Dove nessuno ti troverà

Dove nessuno ti troverà è un romanzo di Alicia Gimènez-Bartlett costruito intorno alla leggendaria figura di Teresa Pla Meseguer, nota anche come la Pastora. Nata nel primo decennio del ‘900 nella provincia spagnola e cresciuta in una famiglia povera e numerosa durante gli anni bui della guerra civile, Teresa viene da subito discriminata a causa di una malformazione genitale che renderà quasi impossibile una sua reale identificazione di genere. Il soprannome la Pastora deriva dal fatto che, stanca delle continue derisioni da parte di familiari e conoscenti, Teresa deciderà di autoescludersi dalla vita sociale e di ritirarsi in montagna con il suo gregge comparendo in città solo in rare occasione. Così la Pastora, vissuta fino a questo momento come una donna per scelta della madre, imparerà a conoscere ogni angolo di quelle amate montagne e a sopravvivere con la sola compagnia delle sue pecore finché l’incontro con un gruppo di partigiani nascosti su quelle stesse montagne non le cambierà la vita. Affascinata dai loro racconti e dall’idea di imparare a leggere e a scrivere e forte della sua grande conoscenza del territorio, Teresa si unirà alla resistenza anti-franchista accettando, a questo scopo, di diventare un uomo, Florencio. Da questo momento in poi la Pastora diventerà uno dei maggiori ricercati di Spagna, accusata di terrorismo e di essersi macchiata di innumerevoli crimini. Ma chi è veramente la Pastora?

A cercare di dare una risposta a questa domanda sarà un’improbabile coppia (e qui comincia il romanzo) composta dal Prof. Lucien Nourissier, noto psichiatra francese interessato allo studio delle menti criminali, e Carlos Infante, un giornalista di Barcellona che, per soldi, accetterà di accompagnare il medico in giro per la Spagna sulle tracce della misteriosa Pastora. I due, distanti anni luce l’uno dall’altro per temperamento ed abitudini, cominceranno così un pericoloso viaggio lungo tre mesi sulle montagne tra la Catalogna e l’Aragona alla ricerca di testimonianze su questo temibile criminale. A fare da sfondo a questo cammino una Spagna rurale devastata nella mente e nel corpo dalla recente guerra civile e da anni di dittatura franchista (l’episodio narrato nel libro è ambientato nei primi anni’50). Una Spagna violenta e immorale, ma allo stesso tempo stanca e rassegnata, dove Nourissier e Infante impareranno a conoscere i loro limiti. Molto bello il finale e molto bella (e toccante) la storia (vera) della Pastora narrata durante il romanzo.
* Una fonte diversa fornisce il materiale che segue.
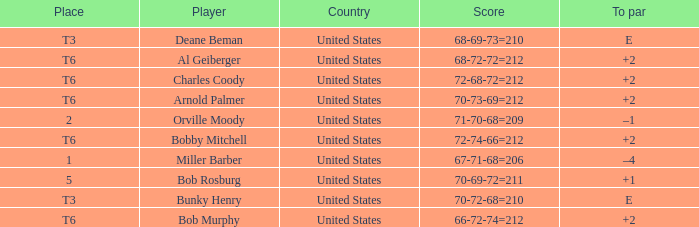What is the place of the 68-69-73=210? T3.

Di notte, adesso che avevo più tempo per pensare, mi tornavano in mente tante cose della mia vita che non mi ero mai fermato a pensarci con calma. Pensavo che mi era mancato quello che avevano tutti, dei figli e una moglie. Pensavo che avevo lavorato sempre come una bestia. Pensavo che entrare nei partigiani era stato bello per tanti motivi, brutto per altri. Bello, perchè avevo trovato dei compagni veri, perchè avevo potuto essere un uomo, finalmente, bello perché avevo imparato a leggere. Brutto, perchè la rivoluzione alla fine non c’era stata e perchè le cose che avevo imparato mi facevano male al cuore. Adesso sapevo cos’era la dignità della persona, sapevo che abbiamo dei diritti e che c’è lo sfruttamento. E tutto questo mi faceva pensare che la mia vita era stata uno schifo, dura che di più non si poteva, senza niente di quello che un uomo dovrebbe avere. Non è che ci perdevo il sonno, no, ma mi immaginavo come sarebbe stato se fosse andata diversamente. Se mia madre non si fosse vergognata di me e non mi avesse obbligato ad essere una donna. Se invece di lavorare sempre fin da piccolo avessi potuto andare a scuola. Se fossi riuscito ad avere una masseria tutta mia. Mi faceva male al cuore pensarci di notte, chiuso dentro la grotta, e allora prendevo la coperta e andavo fuori, all’aria aperta, che facesse caldo o freddo ero lo stesso. Mi sdraiavo lì e guardavo il cielo, come quando ero pastore. Se c’era sereno e si vedevano le stelle mi sentivo già meglio. Mi dicevo che certe cose che avevo io non tutti le avevano avute: poter dormire così, sotto il cielo, da solo, libero come un ucciel di bosco.